PROVIDED RECORDS:
####
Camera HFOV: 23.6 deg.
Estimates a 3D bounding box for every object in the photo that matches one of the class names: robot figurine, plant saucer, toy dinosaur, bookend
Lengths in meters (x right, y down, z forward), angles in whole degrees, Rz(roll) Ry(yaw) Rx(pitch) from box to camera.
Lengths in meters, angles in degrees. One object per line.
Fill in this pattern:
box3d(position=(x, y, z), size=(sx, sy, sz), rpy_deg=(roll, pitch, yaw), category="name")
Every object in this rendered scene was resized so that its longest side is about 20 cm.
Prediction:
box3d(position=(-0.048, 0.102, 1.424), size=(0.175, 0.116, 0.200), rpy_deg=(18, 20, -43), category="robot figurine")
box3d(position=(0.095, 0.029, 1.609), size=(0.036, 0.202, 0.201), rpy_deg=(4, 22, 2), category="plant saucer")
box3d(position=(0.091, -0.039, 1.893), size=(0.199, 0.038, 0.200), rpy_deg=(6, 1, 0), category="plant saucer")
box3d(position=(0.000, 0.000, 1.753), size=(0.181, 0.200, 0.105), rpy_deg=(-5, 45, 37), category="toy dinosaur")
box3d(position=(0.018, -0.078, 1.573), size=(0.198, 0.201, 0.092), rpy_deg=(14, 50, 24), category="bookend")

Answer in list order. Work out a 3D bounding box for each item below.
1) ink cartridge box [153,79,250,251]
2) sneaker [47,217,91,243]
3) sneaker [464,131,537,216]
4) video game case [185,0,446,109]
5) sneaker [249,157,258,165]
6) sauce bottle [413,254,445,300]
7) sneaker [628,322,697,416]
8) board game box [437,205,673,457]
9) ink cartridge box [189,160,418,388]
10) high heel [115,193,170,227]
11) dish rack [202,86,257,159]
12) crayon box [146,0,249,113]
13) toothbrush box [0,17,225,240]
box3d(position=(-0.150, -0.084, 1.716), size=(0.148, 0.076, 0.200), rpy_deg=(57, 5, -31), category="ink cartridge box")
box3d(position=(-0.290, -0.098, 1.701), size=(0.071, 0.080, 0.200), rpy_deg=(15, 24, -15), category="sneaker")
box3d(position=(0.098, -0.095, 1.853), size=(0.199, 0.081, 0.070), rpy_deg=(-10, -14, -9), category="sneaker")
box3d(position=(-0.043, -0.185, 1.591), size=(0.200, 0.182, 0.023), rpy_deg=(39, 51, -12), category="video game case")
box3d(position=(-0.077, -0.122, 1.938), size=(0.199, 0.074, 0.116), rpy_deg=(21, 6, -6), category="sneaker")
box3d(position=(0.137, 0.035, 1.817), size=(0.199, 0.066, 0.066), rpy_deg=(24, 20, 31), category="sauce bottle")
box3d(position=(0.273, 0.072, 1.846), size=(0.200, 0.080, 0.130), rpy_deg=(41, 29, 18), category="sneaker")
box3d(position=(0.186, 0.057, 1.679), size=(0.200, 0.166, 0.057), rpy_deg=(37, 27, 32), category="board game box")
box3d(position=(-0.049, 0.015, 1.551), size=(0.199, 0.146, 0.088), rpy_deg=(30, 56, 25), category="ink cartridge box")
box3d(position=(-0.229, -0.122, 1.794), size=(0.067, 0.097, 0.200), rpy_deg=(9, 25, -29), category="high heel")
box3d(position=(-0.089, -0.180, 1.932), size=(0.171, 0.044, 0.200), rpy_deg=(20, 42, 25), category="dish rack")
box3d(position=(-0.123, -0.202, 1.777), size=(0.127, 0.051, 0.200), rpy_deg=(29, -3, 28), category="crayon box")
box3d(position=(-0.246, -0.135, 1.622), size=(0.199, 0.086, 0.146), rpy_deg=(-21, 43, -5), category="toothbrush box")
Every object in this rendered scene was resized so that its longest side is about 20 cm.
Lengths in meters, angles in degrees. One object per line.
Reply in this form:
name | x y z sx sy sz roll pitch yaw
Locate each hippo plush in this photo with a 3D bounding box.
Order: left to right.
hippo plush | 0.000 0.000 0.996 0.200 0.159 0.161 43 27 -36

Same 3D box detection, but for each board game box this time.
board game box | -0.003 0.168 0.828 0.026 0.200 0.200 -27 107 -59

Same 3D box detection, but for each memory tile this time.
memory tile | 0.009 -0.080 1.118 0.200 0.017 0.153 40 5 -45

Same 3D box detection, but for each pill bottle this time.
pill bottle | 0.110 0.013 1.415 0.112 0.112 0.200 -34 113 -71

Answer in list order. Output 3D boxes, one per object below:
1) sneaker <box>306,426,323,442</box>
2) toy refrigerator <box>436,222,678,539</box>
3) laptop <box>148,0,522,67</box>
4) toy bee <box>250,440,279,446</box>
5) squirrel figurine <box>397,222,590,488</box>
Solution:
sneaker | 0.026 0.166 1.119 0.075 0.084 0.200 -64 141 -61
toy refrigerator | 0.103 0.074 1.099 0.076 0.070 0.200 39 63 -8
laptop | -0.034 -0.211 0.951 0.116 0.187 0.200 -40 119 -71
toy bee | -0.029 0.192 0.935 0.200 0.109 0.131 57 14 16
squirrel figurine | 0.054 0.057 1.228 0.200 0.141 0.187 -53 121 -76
####
TASK REQUIREMENTS: What should come out is the exact run of lines from the one holding "5) squirrel figurine" through the end of the records above, and nothing besides.

TASK OUTPUT:
5) squirrel figurine <box>397,222,590,488</box>
Solution:
sneaker | 0.026 0.166 1.119 0.075 0.084 0.200 -64 141 -61
toy refrigerator | 0.103 0.074 1.099 0.076 0.070 0.200 39 63 -8
laptop | -0.034 -0.211 0.951 0.116 0.187 0.200 -40 119 -71
toy bee | -0.029 0.192 0.935 0.200 0.109 0.131 57 14 16
squirrel figurine | 0.054 0.057 1.228 0.200 0.141 0.187 -53 121 -76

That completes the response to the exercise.